2014 WAEC Further Mathematics Theory A binary operation (ast) is defined on the set of rational numbers by (m ast...

A binary operation \(\ast\) is defined on the set of rational numbers by \(m \ast n = \frac{m^{2} – n^{2}}{2mn}, m \neq 0 ; n \neq 0\).

(a) Find \(-3 \ast 2\).

(b) Show whether or not \(\ast\) is associative.

Explanation

(a) \(-3 \ast 2 = \frac{(-3)^{2} - (2)^{2}}{2(-3)(2)}\)

= \(\frac{9 - 4}{-12}\)

= \(-\frac{5}{12}\).

(b) The operation \(\ast\) is associative if given a, b and c which are real numbers, then

\((a \ast b) \ast c = a \ast (b \ast c)\)

Let a = -3 ; b = 2 ; c = 1.

\((-3 \ast 2) \ast 1 = (-\frac{5}{12}) \ast 1\)
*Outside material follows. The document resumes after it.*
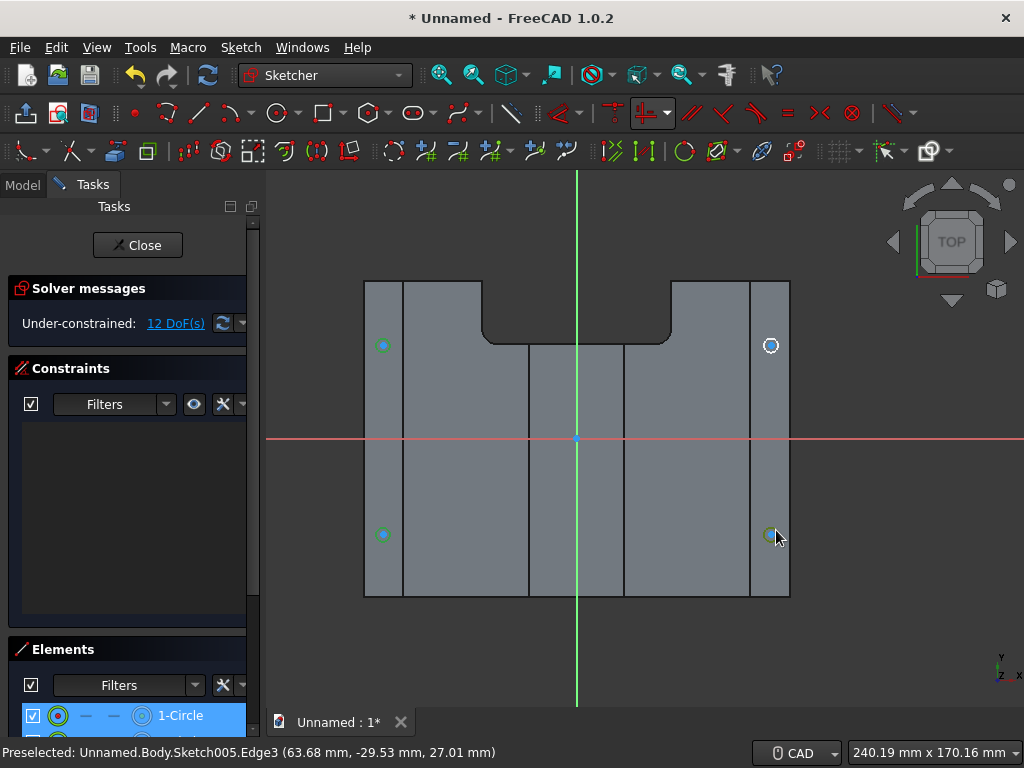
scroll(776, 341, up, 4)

= \(\frac{(-\frac{5}{12})^{2} - 1^{2}}{2(-\frac{5}{12})(1)}\)

= \(\frac{\frac{25}{144} - 1}{-\frac{5}{6}}\)

= \(\frac{-\frac{119}{144}}{\frac{-5}{6}}\)

= \(\frac{119}{120}\)

\(-3 \ast (2 \ast 1) \)

\(2 \ast 1 = \frac{2^{2} - 1^{2}}{2(2)(1)}\)

= \(\frac{3}{4}\)

\(-3 \ast \frac{3}{4} = \frac{(-3)^{2} - (\frac{3}{4})^{2}}{2(-3)(\frac{3}{4})}\)

= \(\frac{9 - \frac{9}{16}}{-\frac{9}{2}}\)

= \(-\frac{15}{8}\)

\((-3 \ast 2) \ast 1 \neq -3 \ast (2 \ast 1)\)

The operation \(\ast\) is not associative.